Veterans Affairs Secretary David Shulkin says Congress needs to act quickly to extend a program aimed at widening veterans’ access to private-sector health care, pointing to a growing demand for medical treatment outside the Department of Veterans Affairs.
Shulkin also pledged additional efforts by his agency to combat suicide, saying he wanted to expand mental health care to former service members who receive “other than honorable discharges” from the military, typically for behavior problems such as violence or use of illegal drugs. Shulkin did not release specific details, but said the VA will act on its own to expand coverage without waiting for legislation. Pentagon data has indicated that thousands of service members have had such discharges in recent years.
“We are going to start doing that now,” he said, referring to the expanded mental health coverage. “So many veterans that we see are so disconnected from our system.”
Testifying before a House panel Tuesday night, Shulkin acknowledged that the Choice program offering access to private care that was put in place in 2014 following a wait-time-for-care scandal was hastily done, and had problems of its own in providing timely care. But the physician says improvements to the Choice program have resulted in more than 1 million out of 9 million veterans in the VA system now using some Choice care, with data pointing to even greater use this year.

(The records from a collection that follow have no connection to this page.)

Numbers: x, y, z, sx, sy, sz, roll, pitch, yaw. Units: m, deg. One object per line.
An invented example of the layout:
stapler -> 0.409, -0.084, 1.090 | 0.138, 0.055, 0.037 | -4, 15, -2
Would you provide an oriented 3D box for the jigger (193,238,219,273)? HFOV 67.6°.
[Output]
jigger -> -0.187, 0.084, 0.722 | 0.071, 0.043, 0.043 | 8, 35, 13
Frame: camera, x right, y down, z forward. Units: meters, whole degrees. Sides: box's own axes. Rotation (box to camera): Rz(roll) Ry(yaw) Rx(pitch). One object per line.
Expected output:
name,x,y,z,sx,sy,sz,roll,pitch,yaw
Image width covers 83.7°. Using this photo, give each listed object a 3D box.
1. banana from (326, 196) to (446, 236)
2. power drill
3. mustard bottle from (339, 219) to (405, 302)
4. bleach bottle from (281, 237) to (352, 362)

Shulkin, who previously served as VA’s top health official in the Obama administration, says Congress must hurry to extend the Choice plan beyond its Aug. 7 expiration date, or the VA will lose nearly $1 billion left over in that account. That money can provide stopgap care until a broader revamp is designed, he said.
“There is no time to waste,” Shulkin told the House Veterans Affairs Committee. “Many veterans are using the Choice program today, and it is important to continue to care for and support those veterans.”

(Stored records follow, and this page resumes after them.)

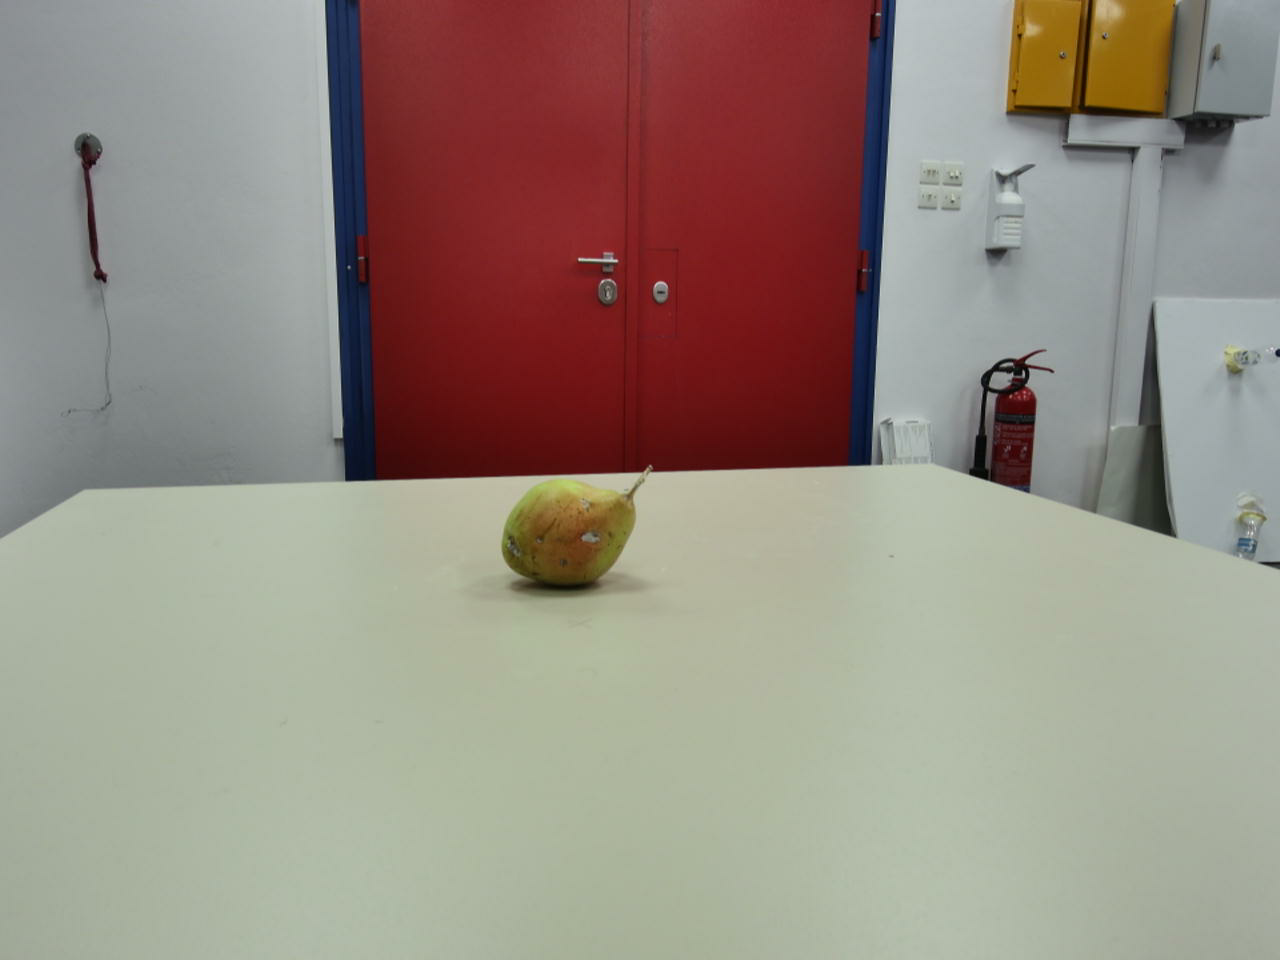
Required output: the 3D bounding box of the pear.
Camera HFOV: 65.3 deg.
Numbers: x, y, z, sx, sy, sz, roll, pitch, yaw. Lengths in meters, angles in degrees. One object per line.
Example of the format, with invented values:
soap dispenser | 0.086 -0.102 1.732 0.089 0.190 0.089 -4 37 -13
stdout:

On Tuesday, Sen. Jon Tester, D-Mont., introduced legislation with Sens. John McCain, R-Ariz., and Johnny Isakson, R-Ga., that would extend the Choice plan until its money runs out, likely in early 2018. The bill also calls for fixes in the program to speed up VA payments and promote sharing of medical records.
“Have no doubt: If we let this program lapse, more than a million veterans will lose their ability to visit a community provider, the VA system will once again become overwhelmed, and veterans will go back to the pre-scandal days of unending wait-times for much-needed care,” McCain told the House committee, noting that the VA has said a broader revamp could take two years.
That panel led by Rep. Phil Roe, R-Tenn., was scheduled to consider a House version of the bill Wednesday.
Major veterans’ organizations and Democrats are closely watching the VA’s planned overhaul of the Choice program, after President Donald Trump’s transition team signaled in late December it was weighing a “public-private” option. Under that plan, veterans could get all their medical care in the private sector, with the government paying the bill. Veterans groups generally oppose that as a threat to the viability of VA medical centers.
After Trump selected him to be VA secretary, Shulkin has said he would not privatize the VA. He expressed support for an “integrated model,” without sketching the full details.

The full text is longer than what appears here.